Wed. Dec 1st, 2021

Endless drumbeat High-profile ransomware attacks continued this week, but Google’s Threat Analysis Group has also raised awareness of cunning “pass-the-cookie” attacks used by hackers in recent years. To hijack prominent YouTube channels. While such attacks are not new, Google has taken significant concerted action to curb the trend. Compromised YouTube channels have been used to broadcast cryptocurrency scams and other misinformation.

Meanwhile, the International Organization for Standardization last week released its first set of sex toy manufacturing guidelines, a major step towards establishing minimum safety standards across the industry. Although the document ISO 3533 or “Sex toys: design and safety requirements for products in direct contact with the genitals, anus or both” is significant, Does not set clear guidelines for digital security or privacy, Both areas where there are already sex toys Significant and influential stumbling block.

If you’re thinking about account security and want a simple weekend project to get things right, double check if you have Enables two-factor authentication It is given everywhere. And if you want to go into authentication apps, say Twilio Authy from Google Authenticator, we got one Guide to doing it easily without losing access anywhere.
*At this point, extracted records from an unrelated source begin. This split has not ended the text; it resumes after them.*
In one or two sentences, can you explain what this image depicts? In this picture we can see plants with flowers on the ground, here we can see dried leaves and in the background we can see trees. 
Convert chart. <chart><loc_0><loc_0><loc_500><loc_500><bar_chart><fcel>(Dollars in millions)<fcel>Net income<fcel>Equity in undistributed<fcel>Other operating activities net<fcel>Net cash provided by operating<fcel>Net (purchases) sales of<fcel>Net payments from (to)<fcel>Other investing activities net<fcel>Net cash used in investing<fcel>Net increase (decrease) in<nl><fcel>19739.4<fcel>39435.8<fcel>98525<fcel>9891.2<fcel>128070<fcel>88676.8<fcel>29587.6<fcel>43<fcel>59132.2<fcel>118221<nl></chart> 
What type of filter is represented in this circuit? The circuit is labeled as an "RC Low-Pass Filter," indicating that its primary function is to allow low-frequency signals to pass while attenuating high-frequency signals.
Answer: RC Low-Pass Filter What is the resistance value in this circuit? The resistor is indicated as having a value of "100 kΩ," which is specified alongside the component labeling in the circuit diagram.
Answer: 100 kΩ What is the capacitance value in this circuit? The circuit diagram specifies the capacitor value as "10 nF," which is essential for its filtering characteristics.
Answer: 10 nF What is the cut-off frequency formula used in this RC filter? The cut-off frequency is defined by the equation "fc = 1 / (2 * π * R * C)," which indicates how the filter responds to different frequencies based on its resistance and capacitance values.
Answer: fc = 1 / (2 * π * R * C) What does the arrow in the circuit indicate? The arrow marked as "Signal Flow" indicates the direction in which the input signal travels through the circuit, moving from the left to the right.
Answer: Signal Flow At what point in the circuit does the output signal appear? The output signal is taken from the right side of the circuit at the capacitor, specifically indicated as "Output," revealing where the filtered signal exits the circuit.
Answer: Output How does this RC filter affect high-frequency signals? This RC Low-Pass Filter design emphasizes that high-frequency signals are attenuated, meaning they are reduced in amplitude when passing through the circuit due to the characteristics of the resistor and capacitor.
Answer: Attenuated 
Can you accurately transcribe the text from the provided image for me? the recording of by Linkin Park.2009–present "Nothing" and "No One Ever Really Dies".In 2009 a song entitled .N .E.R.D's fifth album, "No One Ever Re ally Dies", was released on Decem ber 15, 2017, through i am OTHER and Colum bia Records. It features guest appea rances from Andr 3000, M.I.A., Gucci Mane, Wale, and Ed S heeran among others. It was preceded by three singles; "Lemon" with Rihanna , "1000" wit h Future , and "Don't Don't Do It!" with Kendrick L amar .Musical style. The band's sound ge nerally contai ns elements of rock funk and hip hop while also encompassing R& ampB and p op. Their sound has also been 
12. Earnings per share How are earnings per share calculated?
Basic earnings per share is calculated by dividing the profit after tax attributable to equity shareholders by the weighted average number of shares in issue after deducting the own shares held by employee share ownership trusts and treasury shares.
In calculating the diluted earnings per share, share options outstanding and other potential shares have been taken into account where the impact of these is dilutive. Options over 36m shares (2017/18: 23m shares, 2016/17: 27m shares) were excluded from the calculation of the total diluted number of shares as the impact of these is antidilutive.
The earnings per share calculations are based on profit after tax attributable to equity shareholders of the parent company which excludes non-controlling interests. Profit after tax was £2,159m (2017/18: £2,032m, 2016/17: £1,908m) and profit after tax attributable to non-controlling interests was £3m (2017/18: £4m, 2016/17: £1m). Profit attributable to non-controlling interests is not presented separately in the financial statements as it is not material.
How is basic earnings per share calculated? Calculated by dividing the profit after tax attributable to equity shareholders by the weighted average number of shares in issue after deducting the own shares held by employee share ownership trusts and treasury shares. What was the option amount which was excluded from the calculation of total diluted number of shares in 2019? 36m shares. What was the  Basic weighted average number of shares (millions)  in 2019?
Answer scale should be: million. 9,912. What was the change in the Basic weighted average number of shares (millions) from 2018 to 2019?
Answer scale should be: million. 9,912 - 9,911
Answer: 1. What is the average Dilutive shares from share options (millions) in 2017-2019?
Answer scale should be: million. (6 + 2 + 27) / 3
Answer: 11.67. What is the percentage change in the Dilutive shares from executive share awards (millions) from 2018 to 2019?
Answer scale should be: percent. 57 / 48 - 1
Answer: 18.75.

But wait, there’s more. Every week we collect all the security news that Wired has not covered deeply. Click the title to read the full story, and stay safe there.

The notorious Russia-based Ransomware gang Reveal was responsible for this JBS meat attack in June And Kosaya compromises the software In July, it was hacked by a consortium of government law enforcement groups and dropped offline. The FBI, U.S. Cyber ​​Command, and the Secret Service have worked with other government partners on a project to destroy REvil’s infrastructure. After the Cassia breach and the resulting ransomware attack in July, the FBI itself was able to seize a public decryption from REVIL. But officials have blocked the tool so they do not disclose their access to REvil’s infrastructure. After some of the gang’s platforms went offline in July, members recovered from their backups in September and inadvertently restored law enforcement system access in the process, opening the door to a takedown. REvil’s website and data leaking platform “Happy Blog” are no longer accessible.

The Sinclair Broadcast Group, the second-largest television station operator in the United States, suffered a ransomware attack earlier this week that affected the company’s operations and broadcasts. Malicious encryption tool used in attacks A similar one used earlier By Authorized Russian criminal gang Evil Corp.. Malware has been blamed on gangs in the past. Sinclair struggled to stabilize its operations throughout the week, and employees reported a chaotic situation as stations worked to maintain their broadcasts. “Our focus is on a third-party cybersecurity firm, other incident response professionals, law enforcement and as part of our investigation into this incident, and continue to work closely with government agencies,” Sinclair said in a statement on Thursday.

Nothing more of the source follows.